Should we block urls like this - domainname/shop/leather-chairs.html?brand=244&cat=16&dir=ascℴ=price&price=1 within the robots.txt?
-
I've recently added a campaign within the SEOmoz interface and received an alarming number of errors ~9,000 on our eCommerce website. This site was built in Magento, and we are using search friendly url's however most of our errors were duplicate content / titles due to url's like: domainname/shop/leather-chairs.html?brand=244&cat=16&dir=asc&order=price&price=1 and domainname/shop/leather-chairs.html?brand=244&cat=16&dir=asc&order=price&price=4.
Is this hurting us in the search engines? Is rogerbot too good?
What can we do to cut off bots after the ".html?" ? Any help would be much appreciated
-
I had the same problem on http://www.tokenrock.com because I was doing a lot of URL Rewriting, it's a CMS system I wrote, but the same issue apply. I went from 7000+ errors according to SEOMoz, and I'm down to 700. Here's a few things I did:
Use canonicals on everything you possibly can.

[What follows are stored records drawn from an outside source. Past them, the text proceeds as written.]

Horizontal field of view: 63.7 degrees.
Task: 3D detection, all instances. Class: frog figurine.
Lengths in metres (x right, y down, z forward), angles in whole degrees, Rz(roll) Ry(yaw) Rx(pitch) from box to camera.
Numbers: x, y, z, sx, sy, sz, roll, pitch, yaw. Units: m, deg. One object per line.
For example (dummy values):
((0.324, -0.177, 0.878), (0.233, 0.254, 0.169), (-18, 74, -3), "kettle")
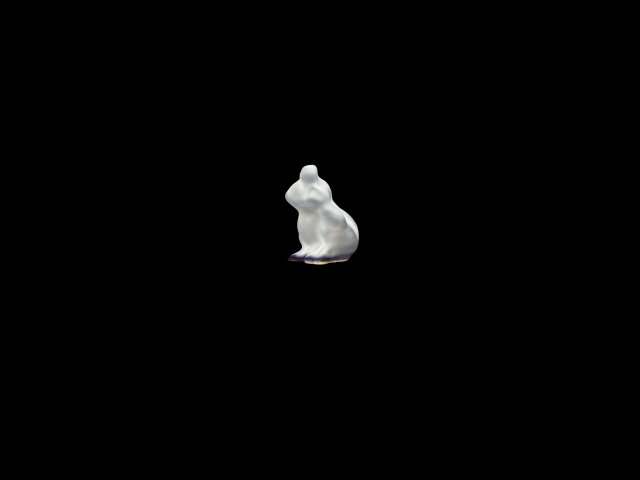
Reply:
((0.003, -0.043, 0.850), (0.123, 0.159, 0.137), (0, 1, -9), "frog figurine")
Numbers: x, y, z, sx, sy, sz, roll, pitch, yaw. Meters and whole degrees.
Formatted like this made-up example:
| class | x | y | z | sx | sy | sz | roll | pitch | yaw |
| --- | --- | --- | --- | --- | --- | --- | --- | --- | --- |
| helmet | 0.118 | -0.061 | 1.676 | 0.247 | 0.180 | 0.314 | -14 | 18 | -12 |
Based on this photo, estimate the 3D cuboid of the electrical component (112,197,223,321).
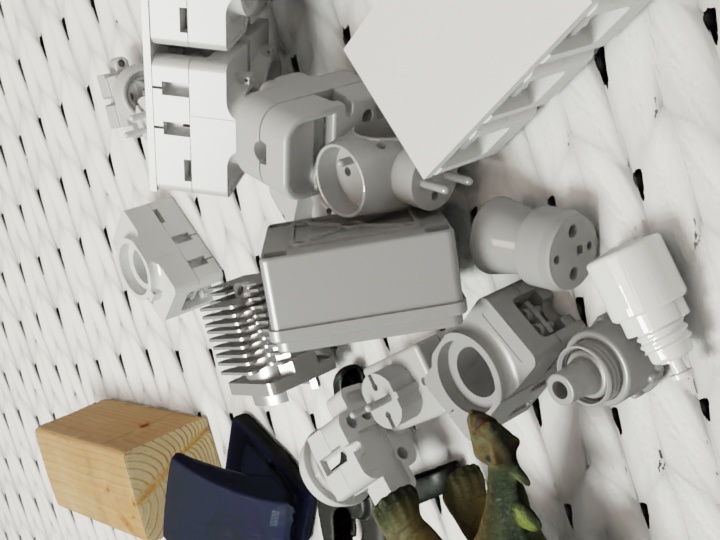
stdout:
| class | x | y | z | sx | sy | sz | roll | pitch | yaw |
| --- | --- | --- | --- | --- | --- | --- | --- | --- | --- |
| electrical component | -0.167 | -0.009 | 0.907 | 0.089 | 0.056 | 0.050 | 54 | 141 | 19 |

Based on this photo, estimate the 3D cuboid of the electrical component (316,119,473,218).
| class | x | y | z | sx | sy | sz | roll | pitch | yaw |
| --- | --- | --- | --- | --- | --- | --- | --- | --- | --- |
| electrical component | 0.029 | -0.057 | 0.618 | 0.079 | 0.077 | 0.044 | 22 | 124 | 44 |

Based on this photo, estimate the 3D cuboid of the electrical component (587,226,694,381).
| class | x | y | z | sx | sy | sz | roll | pitch | yaw |
| --- | --- | --- | --- | --- | --- | --- | --- | --- | --- |
| electrical component | 0.145 | 0.018 | 0.540 | 0.040 | 0.040 | 0.078 | -30 | 83 | 53 |

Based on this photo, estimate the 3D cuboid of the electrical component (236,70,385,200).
| class | x | y | z | sx | sy | sz | roll | pitch | yaw |
| --- | --- | --- | --- | --- | --- | --- | --- | --- | --- |
| electrical component | -0.027 | -0.086 | 0.658 | 0.059 | 0.095 | 0.053 | 31 | 130 | 39 |

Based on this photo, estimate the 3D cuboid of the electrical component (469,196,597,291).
| class | x | y | z | sx | sy | sz | roll | pitch | yaw |
| --- | --- | --- | --- | --- | --- | --- | --- | --- | --- |
| electrical component | 0.094 | -0.014 | 0.584 | 0.055 | 0.045 | 0.045 | 16 | 120 | 46 |

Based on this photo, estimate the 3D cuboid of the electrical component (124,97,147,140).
| class | x | y | z | sx | sy | sz | roll | pitch | yaw |
| --- | --- | --- | --- | --- | --- | --- | --- | --- | --- |
| electrical component | -0.142 | -0.115 | 0.805 | 0.047 | 0.076 | 0.083 | 53 | 140 | 18 |

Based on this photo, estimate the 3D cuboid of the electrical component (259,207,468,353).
| class | x | y | z | sx | sy | sz | roll | pitch | yaw |
| --- | --- | --- | --- | --- | --- | --- | --- | --- | --- |
| electrical component | 0.000 | 0.000 | 0.625 | 0.108 | 0.109 | 0.056 | -100 | 1 | -77 |

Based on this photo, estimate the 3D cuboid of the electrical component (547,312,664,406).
| class | x | y | z | sx | sy | sz | roll | pitch | yaw |
| --- | --- | --- | --- | --- | --- | --- | --- | --- | --- |
| electrical component | 0.125 | 0.052 | 0.564 | 0.048 | 0.062 | 0.048 | 27 | 127 | 42 |

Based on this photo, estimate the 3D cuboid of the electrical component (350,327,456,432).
| class | x | y | z | sx | sy | sz | roll | pitch | yaw |
| --- | --- | --- | --- | --- | --- | --- | --- | --- | --- |
| electrical component | 0.028 | 0.077 | 0.687 | 0.066 | 0.077 | 0.047 | -32 | 82 | 53 |

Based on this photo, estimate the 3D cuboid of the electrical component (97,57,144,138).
| class | x | y | z | sx | sy | sz | roll | pitch | yaw |
| --- | --- | --- | --- | --- | --- | --- | --- | --- | --- |
| electrical component | -0.181 | -0.140 | 0.867 | 0.055 | 0.048 | 0.066 | 7 | 114 | 58 |

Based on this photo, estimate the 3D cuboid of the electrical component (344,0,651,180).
| class | x | y | z | sx | sy | sz | roll | pitch | yaw |
| --- | --- | --- | --- | --- | --- | --- | --- | --- | --- |
| electrical component | 0.068 | -0.127 | 0.545 | 0.089 | 0.062 | 0.150 | 59 | 143 | 12 |

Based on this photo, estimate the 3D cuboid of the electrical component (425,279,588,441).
| class | x | y | z | sx | sy | sz | roll | pitch | yaw |
| --- | --- | --- | --- | --- | --- | --- | --- | --- | --- |
| electrical component | 0.081 | 0.053 | 0.626 | 0.050 | 0.056 | 0.089 | 52 | 141 | 21 |

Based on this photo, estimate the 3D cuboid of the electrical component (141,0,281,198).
| class | x | y | z | sx | sy | sz | roll | pitch | yaw |
| --- | --- | --- | --- | --- | --- | --- | --- | --- | --- |
| electrical component | -0.091 | -0.152 | 0.685 | 0.060 | 0.105 | 0.186 | 8 | 120 | 7 |

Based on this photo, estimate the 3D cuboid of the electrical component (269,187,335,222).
| class | x | y | z | sx | sy | sz | roll | pitch | yaw |
| --- | --- | --- | --- | --- | --- | --- | --- | --- | --- |
| electrical component | -0.024 | -0.029 | 0.727 | 0.077 | 0.043 | 0.079 | 42 | 136 | 31 |

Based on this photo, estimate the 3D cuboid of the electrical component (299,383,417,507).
| class | x | y | z | sx | sy | sz | roll | pitch | yaw |
| --- | --- | --- | --- | --- | --- | --- | --- | --- | --- |
| electrical component | -0.004 | 0.124 | 0.722 | 0.057 | 0.058 | 0.078 | -41 | 70 | 39 |
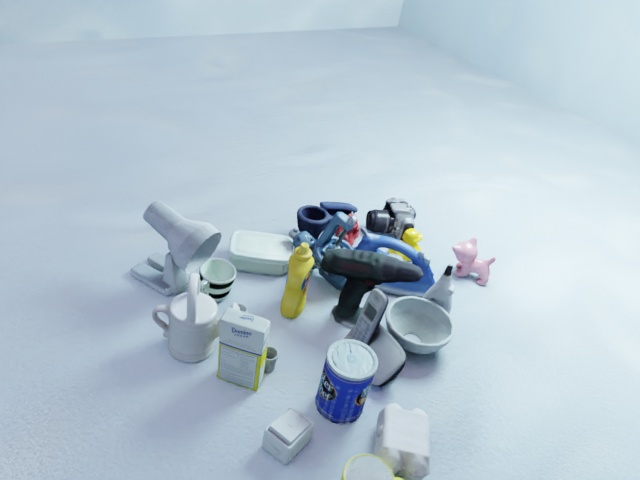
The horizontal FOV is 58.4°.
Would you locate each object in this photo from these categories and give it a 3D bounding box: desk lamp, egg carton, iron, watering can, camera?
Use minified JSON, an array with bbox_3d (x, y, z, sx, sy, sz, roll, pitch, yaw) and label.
[{"bbox_3d":[-0.336,0.024,1.323,0.202,0.213,0.118,25,37,18],"label":"desk lamp"},{"bbox_3d":[0.158,0.386,1.099,0.107,0.069,0.150,12,35,0],"label":"egg carton"},{"bbox_3d":[0.202,0.057,1.502,0.258,0.141,0.119,17,36,7],"label":"iron"},{"bbox_3d":[-0.255,0.152,1.188,0.173,0.194,0.100,-7,40,-25],"label":"watering can"},{"bbox_3d":[0.208,-0.072,1.716,0.137,0.101,0.143,4,36,-12],"label":"camera"}]

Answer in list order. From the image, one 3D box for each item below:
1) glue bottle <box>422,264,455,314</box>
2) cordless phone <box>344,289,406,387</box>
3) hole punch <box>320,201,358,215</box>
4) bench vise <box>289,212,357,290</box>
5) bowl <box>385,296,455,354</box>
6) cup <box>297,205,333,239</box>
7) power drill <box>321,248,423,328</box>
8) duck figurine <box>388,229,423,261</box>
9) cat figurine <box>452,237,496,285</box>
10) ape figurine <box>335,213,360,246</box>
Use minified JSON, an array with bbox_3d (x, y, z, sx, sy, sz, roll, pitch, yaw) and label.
[{"bbox_3d":[0.296,0.129,1.403,0.078,0.173,0.037,21,36,12],"label":"glue bottle"},{"bbox_3d":[0.127,0.208,1.233,0.094,0.185,0.147,-17,45,-34],"label":"cordless phone"},{"bbox_3d":[0.050,-0.087,1.697,0.109,0.091,0.101,4,36,-11],"label":"hole punch"},{"bbox_3d":[0.010,0.011,1.439,0.207,0.220,0.121,17,36,7],"label":"bench vise"},{"bbox_3d":[0.228,0.214,1.352,0.167,0.075,0.167,8,36,-6],"label":"bowl"},{"bbox_3d":[-0.012,-0.036,1.606,0.118,0.095,0.091,7,36,-7],"label":"cup"},{"bbox_3d":[0.108,0.112,1.340,0.229,0.208,0.076,18,36,8],"label":"power drill"},{"bbox_3d":[0.248,0.007,1.632,0.105,0.086,0.077,-9,40,-27],"label":"duck figurine"},{"bbox_3d":[0.425,0.050,1.599,0.127,0.118,0.067,19,36,9],"label":"cat figurine"},{"bbox_3d":[0.083,-0.033,1.633,0.078,0.092,0.076,-13,42,-31],"label":"ape figurine"}]
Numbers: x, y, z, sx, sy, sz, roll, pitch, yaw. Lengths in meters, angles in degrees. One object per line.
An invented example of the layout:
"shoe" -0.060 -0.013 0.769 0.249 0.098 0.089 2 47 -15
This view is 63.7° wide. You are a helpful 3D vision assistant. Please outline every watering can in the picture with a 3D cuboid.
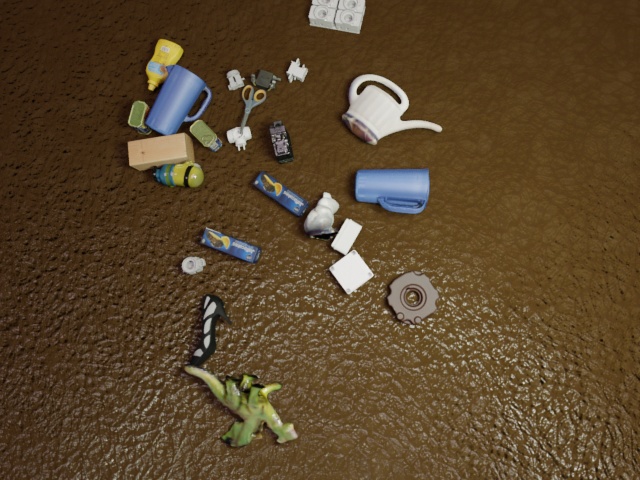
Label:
"watering can" 0.227 -0.420 1.771 0.349 0.225 0.103 41 -1 9

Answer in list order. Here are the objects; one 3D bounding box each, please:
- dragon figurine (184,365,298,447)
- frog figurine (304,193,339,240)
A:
"dragon figurine" -0.264 0.561 1.679 0.411 0.242 0.122 11 2 7
"frog figurine" 0.005 -0.087 1.729 0.123 0.162 0.135 -4 -16 0
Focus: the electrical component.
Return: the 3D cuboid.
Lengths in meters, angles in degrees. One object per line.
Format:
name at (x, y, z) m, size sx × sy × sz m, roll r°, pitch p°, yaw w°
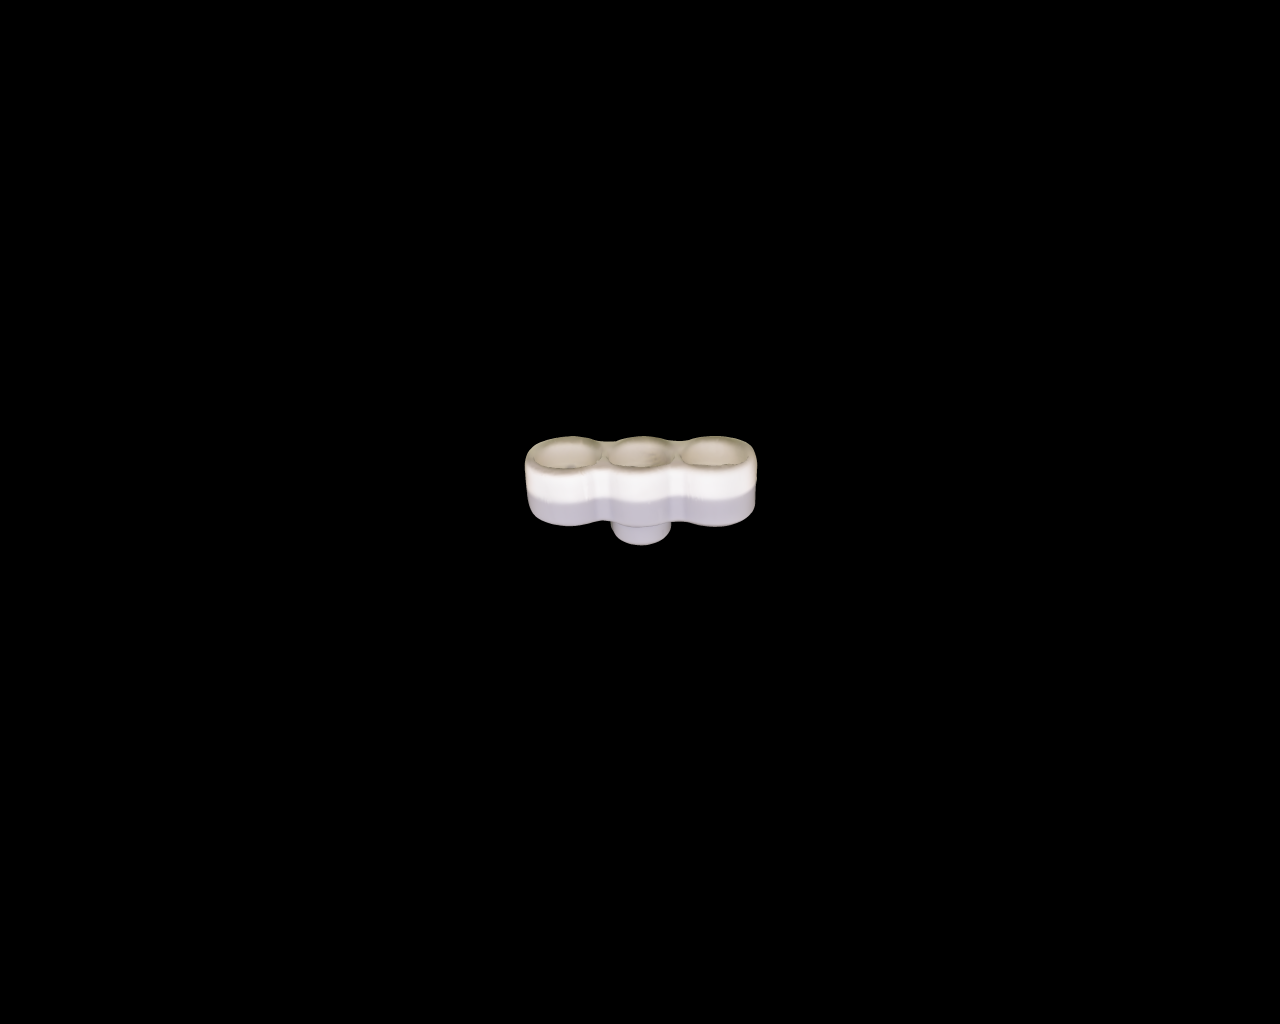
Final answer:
electrical component at (0.001, -0.003, 0.650) m, size 0.138 × 0.073 × 0.052 m, roll 0°, pitch 29°, yaw 0°
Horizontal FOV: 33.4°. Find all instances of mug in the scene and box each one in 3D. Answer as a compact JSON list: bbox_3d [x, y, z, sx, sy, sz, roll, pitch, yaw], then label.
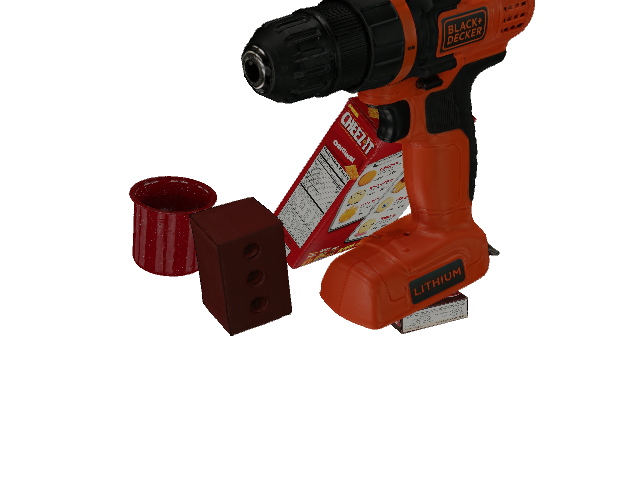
[{"bbox_3d":[-0.165,-0.020,1.162,0.093,0.081,0.117,-4,29,-21],"label":"mug"}]

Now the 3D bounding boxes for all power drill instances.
[{"bbox_3d":[0.039,-0.048,0.573,0.184,0.188,0.057,-22,38,-33],"label":"power drill"}]

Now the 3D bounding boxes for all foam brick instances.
[{"bbox_3d":[-0.057,0.017,0.767,0.052,0.078,0.051,-19,32,-22],"label":"foam brick"}]

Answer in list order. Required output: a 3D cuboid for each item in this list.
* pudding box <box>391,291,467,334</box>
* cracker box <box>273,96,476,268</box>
[{"bbox_3d":[0.147,0.094,1.568,0.113,0.039,0.090,-14,22,-19],"label":"pudding box"},{"bbox_3d":[0.051,-0.074,1.195,0.163,0.072,0.214,-18,-28,-45],"label":"cracker box"}]
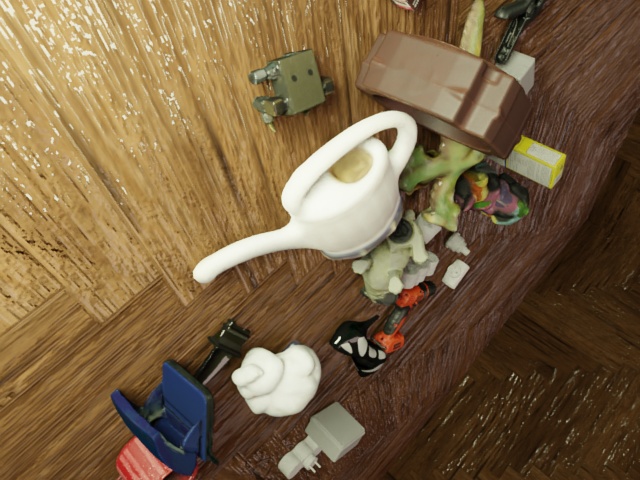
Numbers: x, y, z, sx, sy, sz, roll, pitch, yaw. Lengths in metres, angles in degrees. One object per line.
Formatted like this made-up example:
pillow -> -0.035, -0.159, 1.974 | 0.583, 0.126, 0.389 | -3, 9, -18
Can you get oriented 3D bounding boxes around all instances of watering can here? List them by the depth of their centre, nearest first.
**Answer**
watering can -> 0.002, -0.036, 0.713 | 0.348, 0.105, 0.220 | -40, 151, -3

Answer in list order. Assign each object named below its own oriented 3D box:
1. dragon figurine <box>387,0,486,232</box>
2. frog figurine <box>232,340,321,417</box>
dragon figurine -> 0.212, -0.174, 0.891 | 0.245, 0.124, 0.401 | -39, 134, -15
frog figurine -> -0.069, 0.232, 0.862 | 0.137, 0.124, 0.157 | -34, 162, 1

Redirect 301 the items in the SERPS that are identical.
I'm not familiar with Magento to help you work though that side of it.
Having a link like: domainname/leather-chairs-244-16-price-1.html would work much better.
The ones you have listed are because somehow somewhere you (the site) have a link to it.
Unfortunately some of the CMS's are written by developers who don't fully understand SEO and why the ? is a bad thing.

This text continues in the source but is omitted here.